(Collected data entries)
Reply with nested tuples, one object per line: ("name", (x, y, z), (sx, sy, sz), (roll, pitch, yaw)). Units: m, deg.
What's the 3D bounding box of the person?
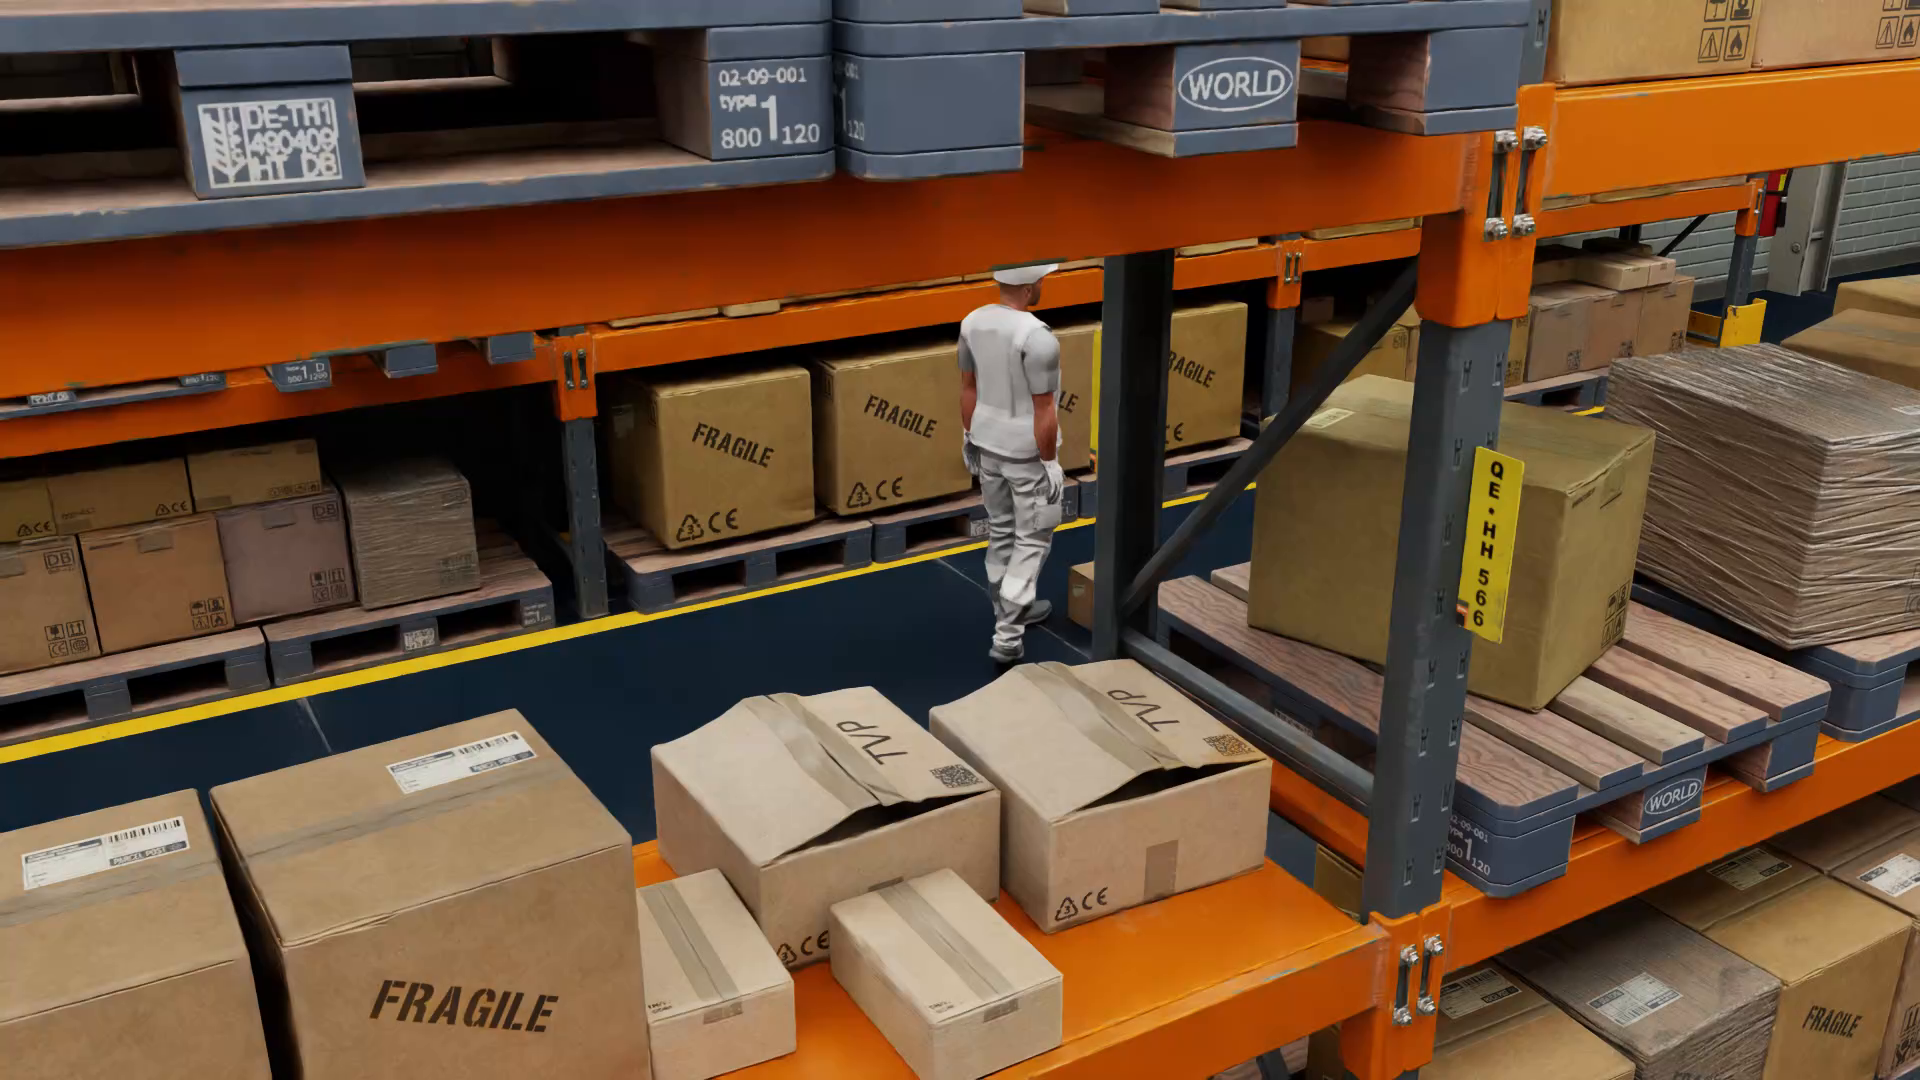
("person", (0.252, -0.381, 7.004), (0.619, 1.793, 0.558), (-20, 29, -40))
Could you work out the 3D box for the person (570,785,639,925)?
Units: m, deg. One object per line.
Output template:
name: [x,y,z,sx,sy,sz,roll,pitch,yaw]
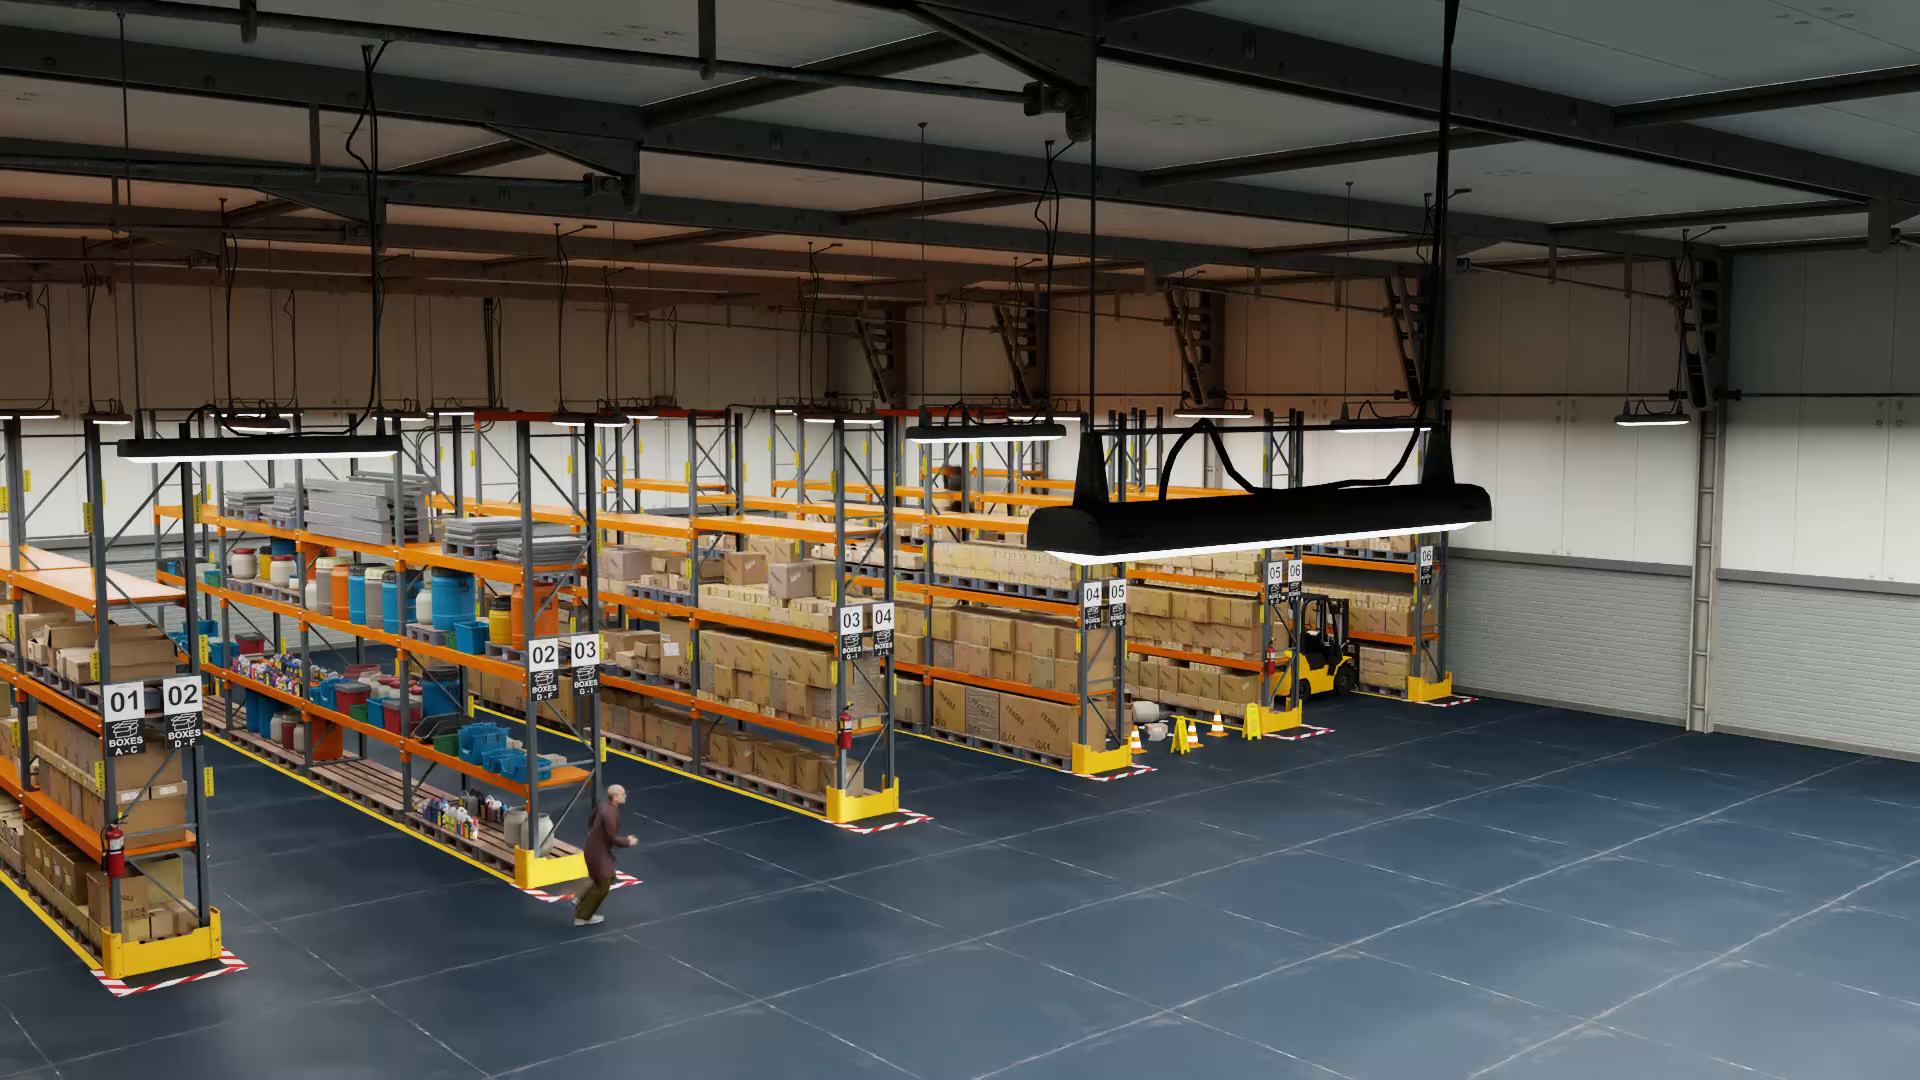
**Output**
person: [-4.256,3.753,19.916,0.812,1.666,0.699,-2,5,-20]
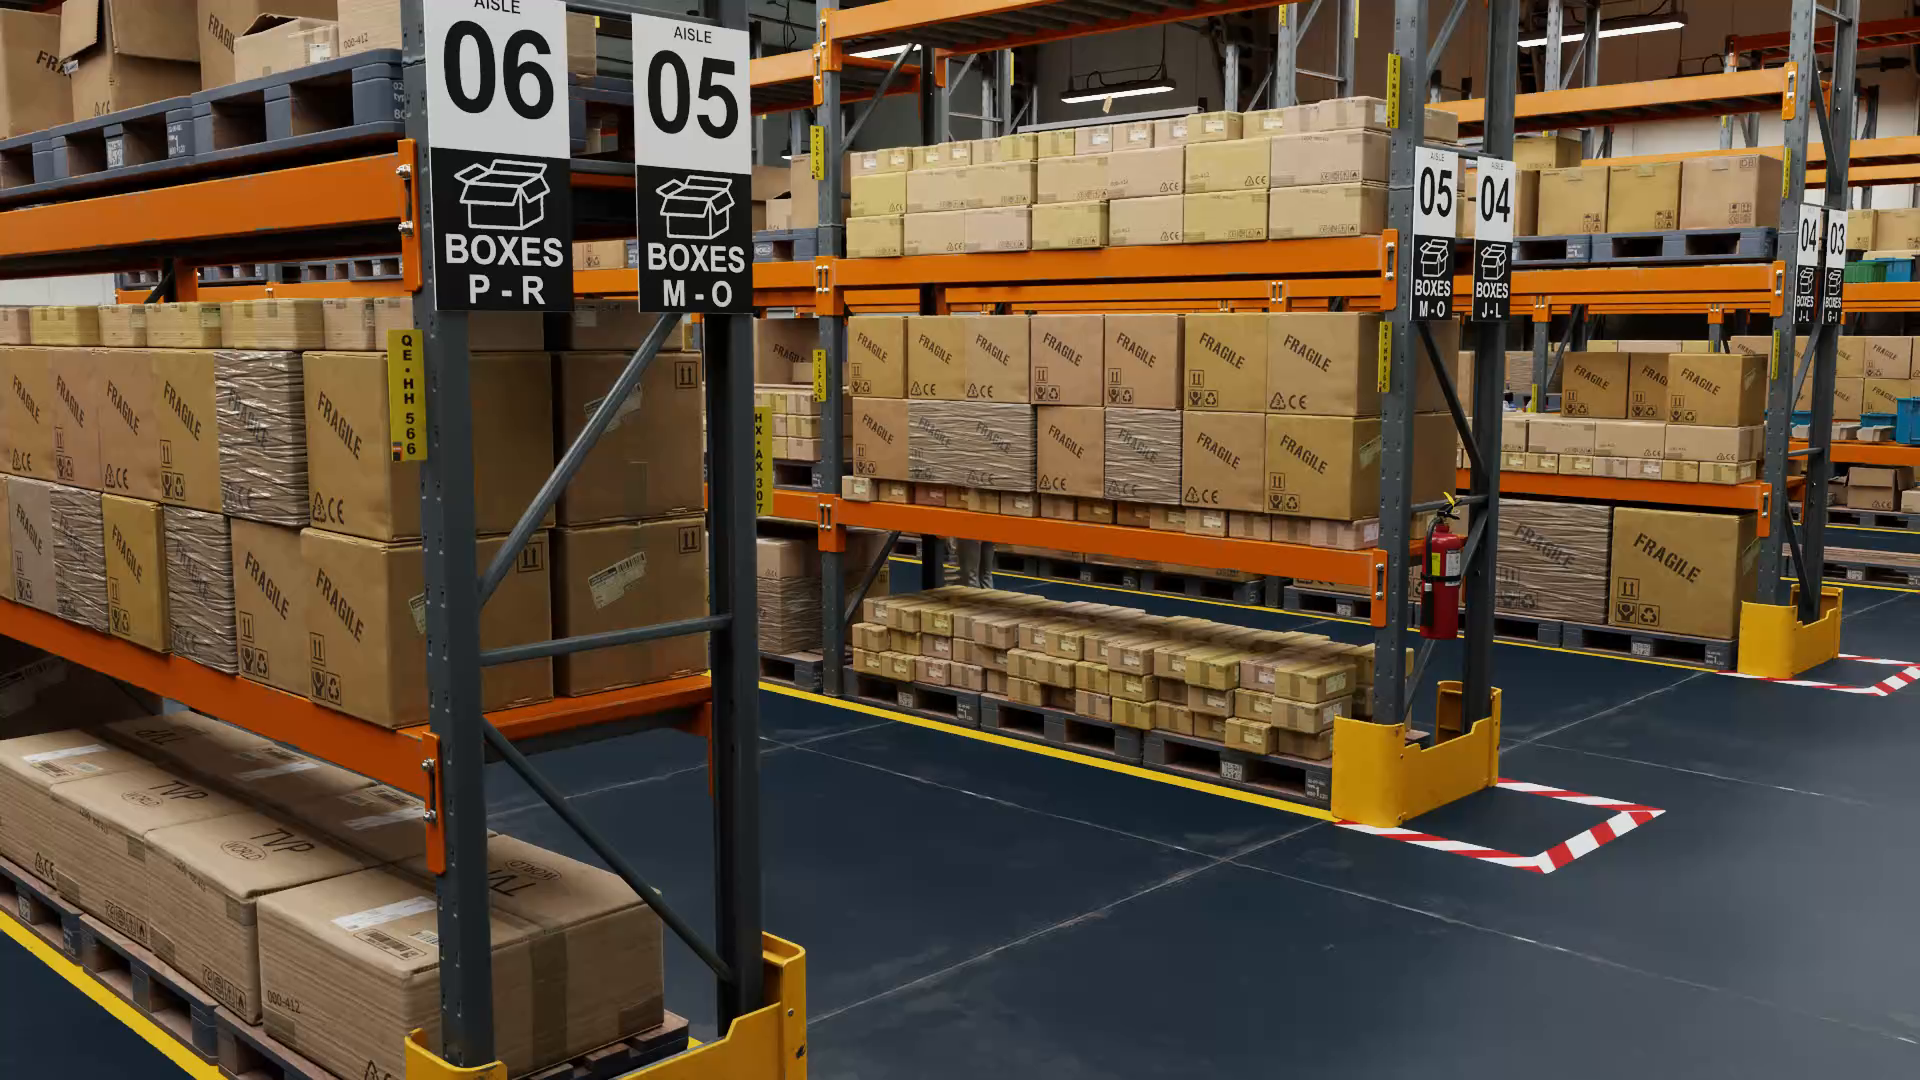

_EXERCISE DIRECTIONS:_ Please reproduce the records above exactly, leaving out every picture.

_WRITTEN ANSWER:_
Reply with nested tuples, one object per line: ("name", (x, y, z), (sx, sy, sz), (roll, pitch, yaw)). Units: m, deg.
What's the 3D bounding box of the person?
("person", (0.252, -0.381, 7.004), (0.619, 1.793, 0.558), (-20, 29, -40))
Could you work out the 3D box for the person (570,785,639,925)?
Units: m, deg. One object per line.
Output template:
name: [x,y,z,sx,sy,sz,roll,pitch,yaw]
**Output**
person: [-4.256,3.753,19.916,0.812,1.666,0.699,-2,5,-20]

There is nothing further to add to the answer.